The Oath Keepers, including founder Elmer Stewart Rhodes III, are charged with conspiring to enter the Capitol on Jan. 6 to prevent the certification of the Electoral College votes from the 2020 presidential election. Protests and rioting on Jan. 6 interrupted a joint session of Congress for about six hours.
“The Rhodes defendants seek dismissal of Counts 1-4 on the grounds that the indictment fails to state an offense as to each count,” Fischer wrote in his motion.
The four counts covered in the motion to dismiss all refer to obstructing a proceeding or preventing an officer from discharging duties.
Under Title 18 of the U.S. Code, the seditious conspiracy charge “requires proof that the purpose of the defendants’ seditious conspiracy was to forcibly obstruct a person authorized to execute a law, while that person was attempting to execute the particular law opposed by the defendants,” Fischer wrote.
“Per binding precedent, however, Members of Congress are constitutionally prohibited from ‘executing any law of the United States,’ ” the motion said. “Additionally, per binding precedent, the Electoral College certification process did not constitute the ‘execution of any law of the United States.’ ”

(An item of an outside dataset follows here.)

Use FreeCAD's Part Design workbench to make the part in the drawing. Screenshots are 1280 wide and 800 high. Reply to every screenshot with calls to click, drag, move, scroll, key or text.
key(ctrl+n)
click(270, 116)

Counts 2 and 3 of the indictment are brought under 18 U.S.C. § 1512(c), but that law only applies to obstructive acts related to the destruction of evidence, the motion said.
This argument was cited in March by U.S. District Judge Carl J. Nichols, who dismissed the same obstruction charge in two other Jan. 6 cases.

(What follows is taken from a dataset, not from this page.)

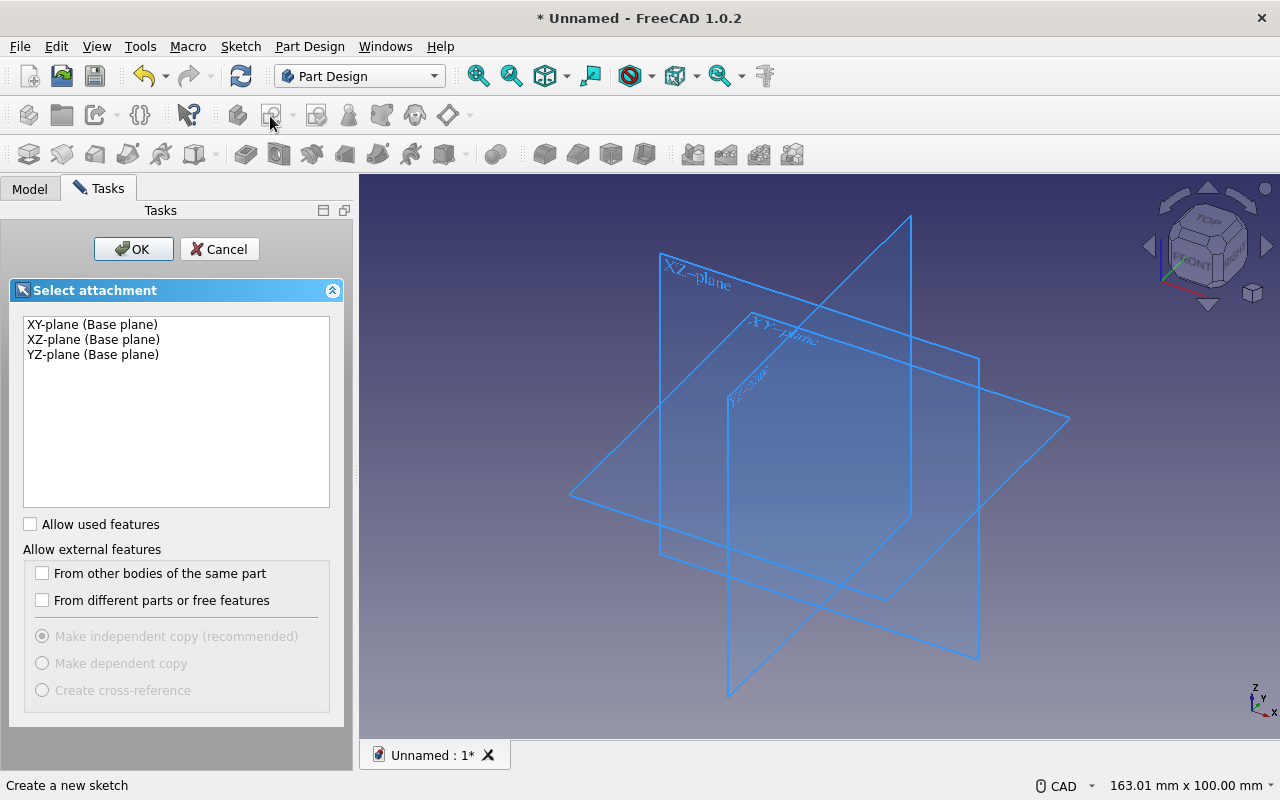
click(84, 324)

Count 4 accuses the defendants of conspiring to prevent an officer from discharging any duties.
Under binding legal precedent, the motion argues, the terms “office,” “officer” and “officer of the United States” take their meaning from the Appointments Clause of the U.S. Constitution.
Members of Congress are not “officers” under the Appointments Clause, Fischer wrote.

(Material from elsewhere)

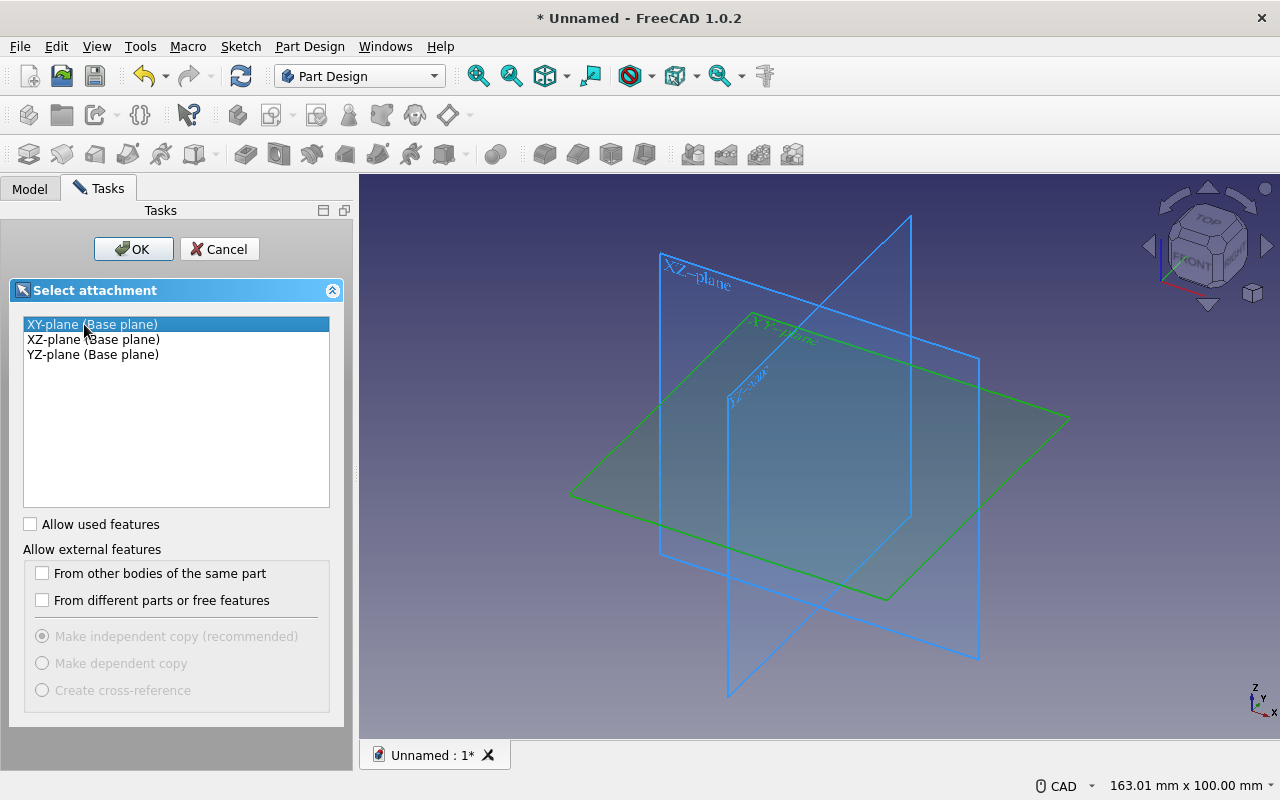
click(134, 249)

The motion described the indictment as “an obscenely one-sided, selectively edited, and inaccurate representation of [Oath Keepers’] actions and statements.”
The Oath Keepers “Quick Reaction Forces” (QRFs) described in the criminal complaint as being ready to assist in the attack on the Capitol with men and armaments were actually standing by in Virginia in case Oath Keepers in DC were attacked or threatened by Antifa, the motion said.
“… Every scrap of evidence reviewed confirms that the ‘QRFs,’ which were utilized on numerous prior dates, were intended as rescue forces in the event that the Oath Keepers were attacked by Antifa or a similar contingency, and not to attack the Capitol Building,” the filing said.
In a companion motion filed on behalf of defendant Kelly Meggs, attorney Jonathon Moseley described the notion of opposing the lawful transfer of presidential power as a “thought crime,” and the charge in the indictment as “devoid of supporting factual allegations.”
“The Constitution makes clear that it is a Constitutional impossibility to ‘oppose the transfer of presidential power.’ Not only could such a goal not be accomplished, but beyond that, it is an irrational concept lacking in any basis, in fact, law, or common sense,” Moseley wrote.
“This is not a case in which conspirators might attempt to do something they are unable to successfully achieve,” Moseley’s filing said. “It is an irrational concept like dividing by zero. There can be no such thing in law or fact.”
The Epoch Times contacted the U.S. Attorney’s Office for the District of Columbia for comment but did not receive a reply by press time.